The Development Data Lab’s aim as it stands is to unlock all the benefits that could be reaped from collaborative work involving policymakers, government representatives, social scientists, civil society, and even the private sector. The organization hopes to encourage collaboration through The SHRUG, Socioeconomic High-resolution Rural-Urban Geographic Data Platform for India, an open-access dataset, and a research platform.

The theory through which open data science works is that researchers who create data and publish results could share it for public use onto a platform, which could then be used by other researchers to replicate the findings and emulate them in other contexts, or use them to justify and answer other phenomena.

‘Water everywhere but not a drop to drink’ is a fitting way to describe India’s data ecosystem, Ms. Bhowmick believes.

A lot of excellent research work is conducted but is limited to silos, as Indian social scientists do not have access to the resources or investment to make them public or to invite collaborators. Institutional incentives to aid this process are also lacking.

Governmental departments also produce vast amounts of data, but again, are limited to silos. These data sets do not interact with each other, reducing their usability.
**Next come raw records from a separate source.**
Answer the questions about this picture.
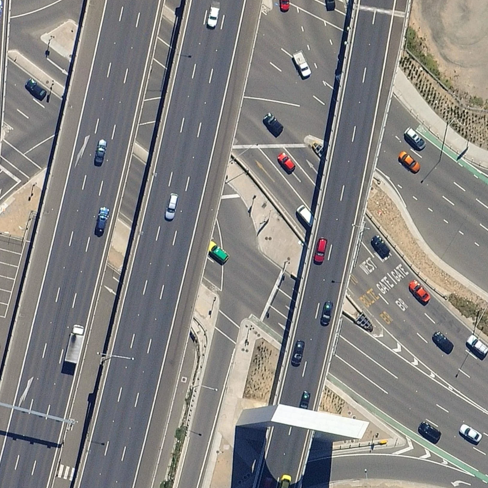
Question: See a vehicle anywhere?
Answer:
Yes
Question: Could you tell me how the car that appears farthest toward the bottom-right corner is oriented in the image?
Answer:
on a diagonal
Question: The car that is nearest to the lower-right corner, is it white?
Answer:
Yes
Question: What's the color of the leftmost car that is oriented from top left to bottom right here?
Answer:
black
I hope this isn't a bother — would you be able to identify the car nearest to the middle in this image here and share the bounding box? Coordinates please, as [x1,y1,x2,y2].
[209,241,231,264]

As keeping data private takes less effort, public data becomes redundant as it does not have supporting comments and work. This limits the use of available data. DDL believes that data must be a non-rivaled public good for maximum benefit.

Currently, the SHRUG is the largest open-access socioeconomic geocoded data set in the developing world. It covers over 500,000 towns and villages, covering a vast variety of socioeconomic, industrial, agricultural, and political data. The Unique Selling Point of the SHRUG is its linkability across data sets and its linkability over time. This produces a rich understanding of socioeconomic phenomena that could greatly benefit social scientists and policymakers.
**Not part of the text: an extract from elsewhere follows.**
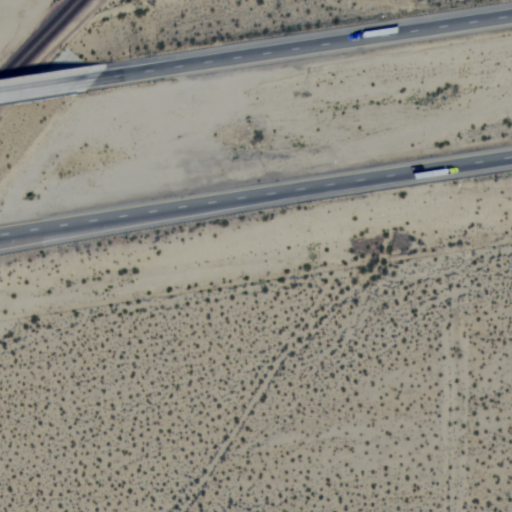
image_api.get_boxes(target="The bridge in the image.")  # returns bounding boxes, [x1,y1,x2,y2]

“Having open access, high-quality, immediately usable data is very useful for accountability to both the government and citizens to study the impact of large-scale government schemes,” Ms. Bhowmick states.
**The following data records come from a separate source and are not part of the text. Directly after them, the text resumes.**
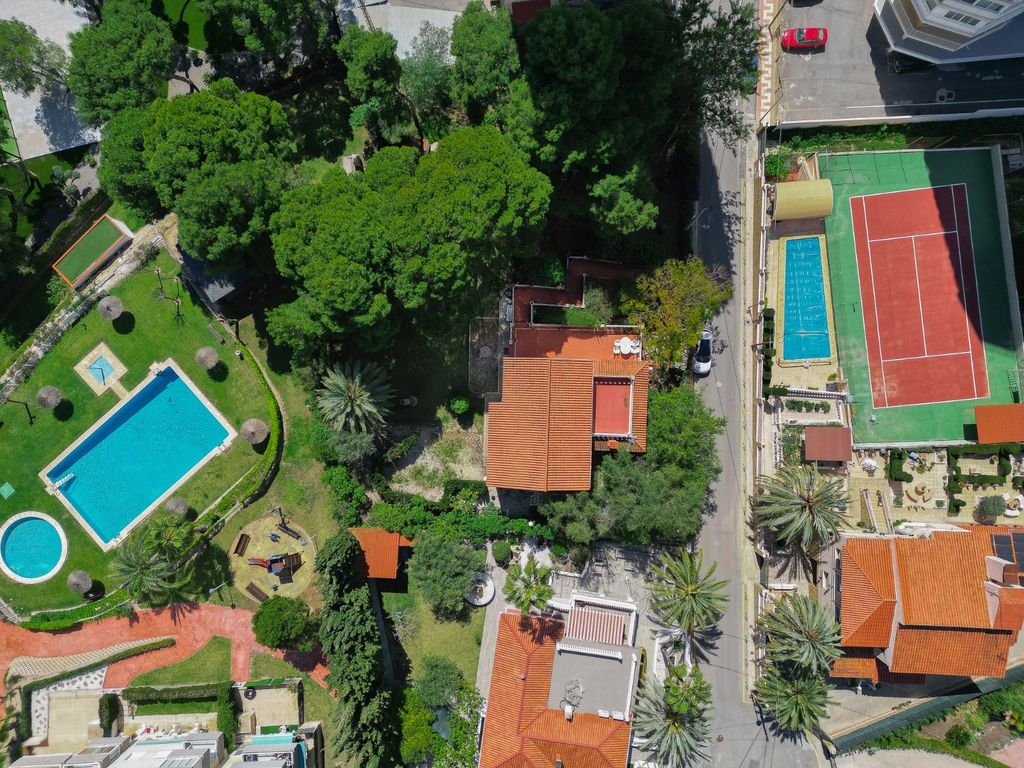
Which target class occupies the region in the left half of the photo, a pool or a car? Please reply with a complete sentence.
Looking in the left half of the photo, you will find a pool.
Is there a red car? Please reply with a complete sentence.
Yes, the frame does contain a red car.
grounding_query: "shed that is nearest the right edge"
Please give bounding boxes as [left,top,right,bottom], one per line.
[960,404,1024,444]
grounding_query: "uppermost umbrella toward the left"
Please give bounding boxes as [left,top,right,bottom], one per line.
[99,296,125,322]
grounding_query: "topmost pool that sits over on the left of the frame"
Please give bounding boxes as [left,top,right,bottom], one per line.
[73,342,129,399]
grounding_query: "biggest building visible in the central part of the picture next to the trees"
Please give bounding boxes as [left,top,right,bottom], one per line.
[486,357,650,492]
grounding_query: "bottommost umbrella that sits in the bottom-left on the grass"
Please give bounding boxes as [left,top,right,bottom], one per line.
[69,568,94,593]
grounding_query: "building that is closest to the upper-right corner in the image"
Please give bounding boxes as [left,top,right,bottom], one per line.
[868,0,1024,66]
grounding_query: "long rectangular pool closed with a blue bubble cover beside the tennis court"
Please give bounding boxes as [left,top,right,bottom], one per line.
[776,233,837,367]
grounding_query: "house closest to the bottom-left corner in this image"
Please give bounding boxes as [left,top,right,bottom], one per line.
[18,727,98,768]
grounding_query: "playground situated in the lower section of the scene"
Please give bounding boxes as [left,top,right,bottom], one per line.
[229,517,316,604]
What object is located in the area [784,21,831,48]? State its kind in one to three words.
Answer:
car
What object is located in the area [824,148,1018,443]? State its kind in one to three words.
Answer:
tennis court
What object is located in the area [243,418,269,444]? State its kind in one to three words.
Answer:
umbrella
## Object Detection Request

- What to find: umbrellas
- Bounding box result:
[99,296,125,322]
[243,418,269,444]
[165,494,190,518]
[195,345,221,370]
[69,568,94,593]
[38,384,63,410]

A very important contribution of having access to this kind of data at the village level is that it makes the targeting of government welfare programs much more effective. The advantage of the availability of ready-to-use data for journalists, policymakers, social scientists, and others is unmatched.

One pertinent use case of the SHRUG was for the evaluation of the Pradhan Mantri Gram Sadak Yojna (PMGSY), under which 1,00,000 new roads were built in villages across India over fifteen years from 2000 to 2015. To study the impact of this scheme on local economies, one would need to link data sets of the population census, economic census, socio-economic caste census, satellite imagery, and administrative data produced by the PMGSY.

Without the SHRUG, a common geographic framework linking all of these data sets would have been the barrier, but since the SHRUG fills the gaps, the researchers studying this scheme were able to answer policy-relevant questions in their paper, which was published in the American Economic Review in 2020. Their study found that construction of the new roads did not affect consumption, local entrepreneurship, or agricultural productivity but it did help mobilize people to find new jobs outside their villages.

The SHRUG also provides tools to improve access to healthcare facilities. Civil servants tasked with identifying Primary Healthcare Centres that require the most help would be able to identify districts that are in need using dataset maps that provide granular data.

The COVID-19 pandemic has generated a huge amount of data which is much needed. While this data is plentiful, it is not adequately utilized because government officials do not invest time or resources to harvest this data, and because the different research and policy teams using or producing this kind of data do not have resources to combine them, they become redundant, Ms. Bhowmick concluded.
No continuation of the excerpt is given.